## Task to complete
Write out again, exactly, the lines of the listing below from the first one through the one that contains "4) truck (295,865,348,896)", and no other lines.

## Entries supplied
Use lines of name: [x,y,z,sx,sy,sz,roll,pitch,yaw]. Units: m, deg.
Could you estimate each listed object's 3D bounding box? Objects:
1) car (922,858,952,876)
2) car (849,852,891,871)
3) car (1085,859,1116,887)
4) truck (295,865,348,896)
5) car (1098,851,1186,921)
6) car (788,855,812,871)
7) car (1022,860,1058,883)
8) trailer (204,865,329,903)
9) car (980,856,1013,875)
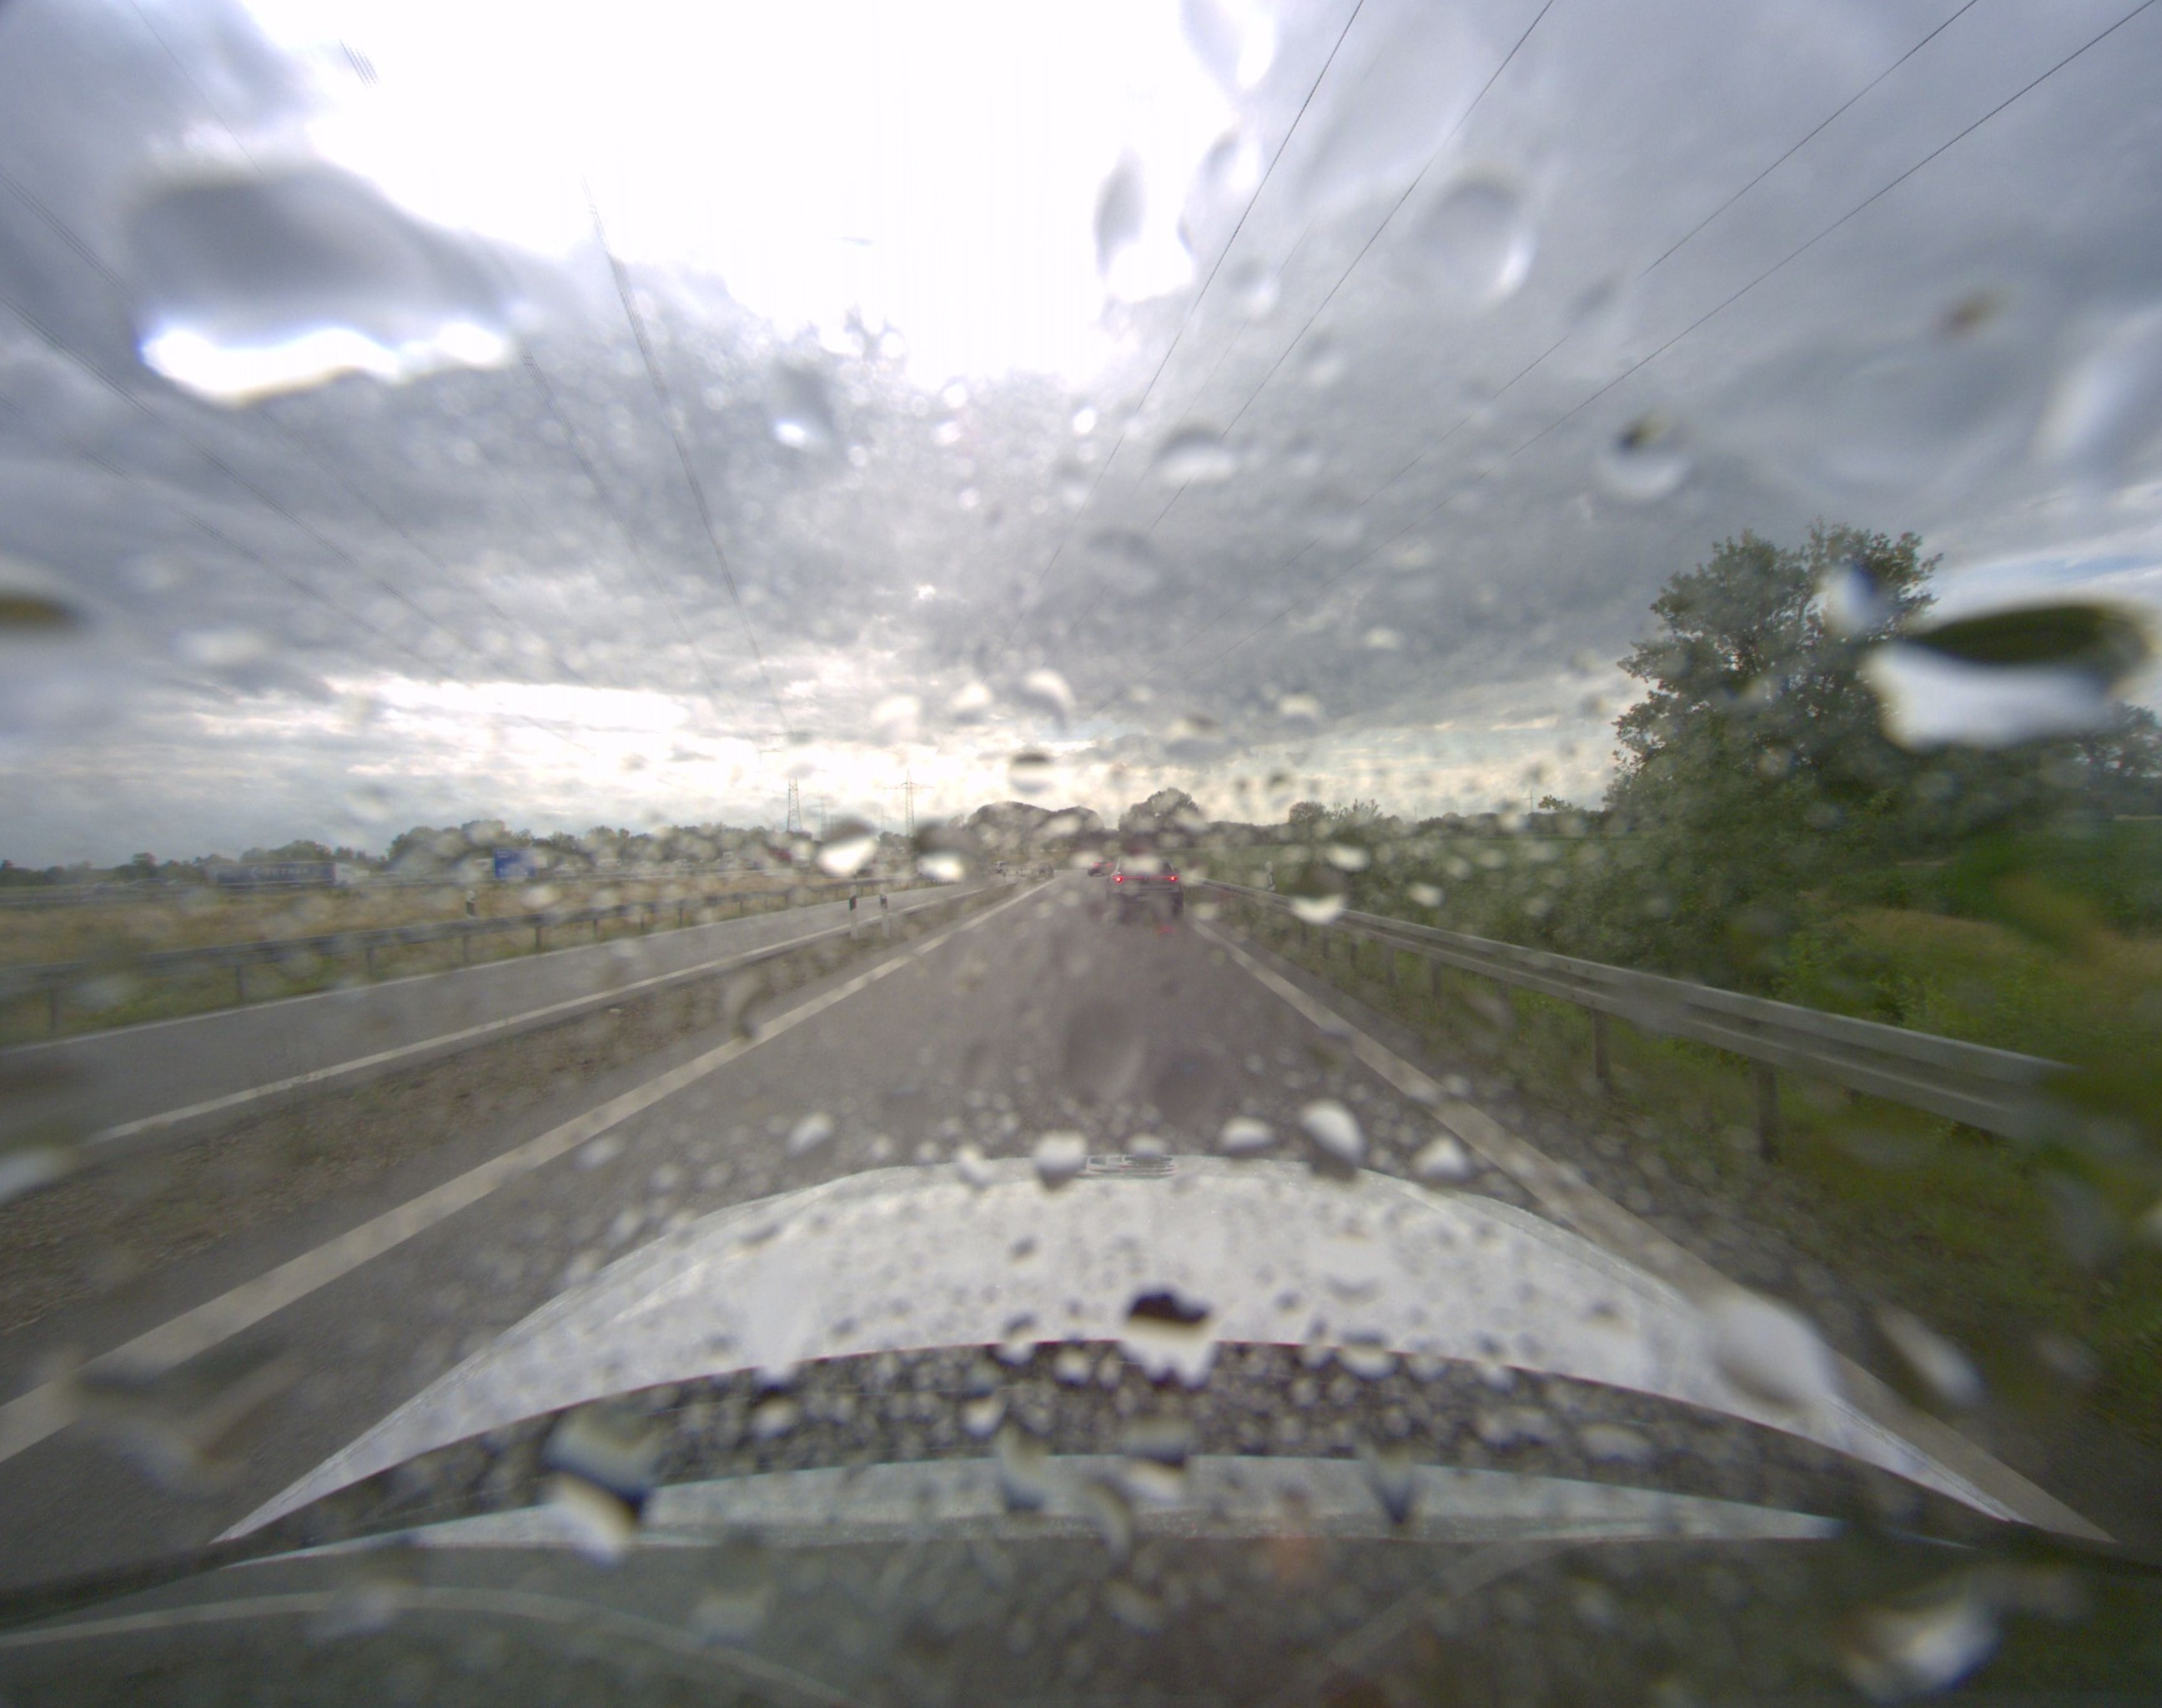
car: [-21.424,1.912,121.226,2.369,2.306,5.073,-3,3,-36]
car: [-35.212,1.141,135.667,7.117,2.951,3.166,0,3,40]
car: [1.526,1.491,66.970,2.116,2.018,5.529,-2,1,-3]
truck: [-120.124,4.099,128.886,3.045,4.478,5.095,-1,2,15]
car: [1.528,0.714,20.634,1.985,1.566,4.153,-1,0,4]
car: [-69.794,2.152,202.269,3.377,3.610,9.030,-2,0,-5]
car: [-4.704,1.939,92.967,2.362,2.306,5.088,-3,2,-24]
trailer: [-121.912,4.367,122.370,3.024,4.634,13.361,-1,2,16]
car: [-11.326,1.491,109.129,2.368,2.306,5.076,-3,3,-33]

## Exercise response
Use lines of name: [x,y,z,sx,sy,sz,roll,pitch,yaw]. Units: m, deg.
Could you estimate each listed object's 3D bounding box? Objects:
1) car (922,858,952,876)
2) car (849,852,891,871)
3) car (1085,859,1116,887)
4) truck (295,865,348,896)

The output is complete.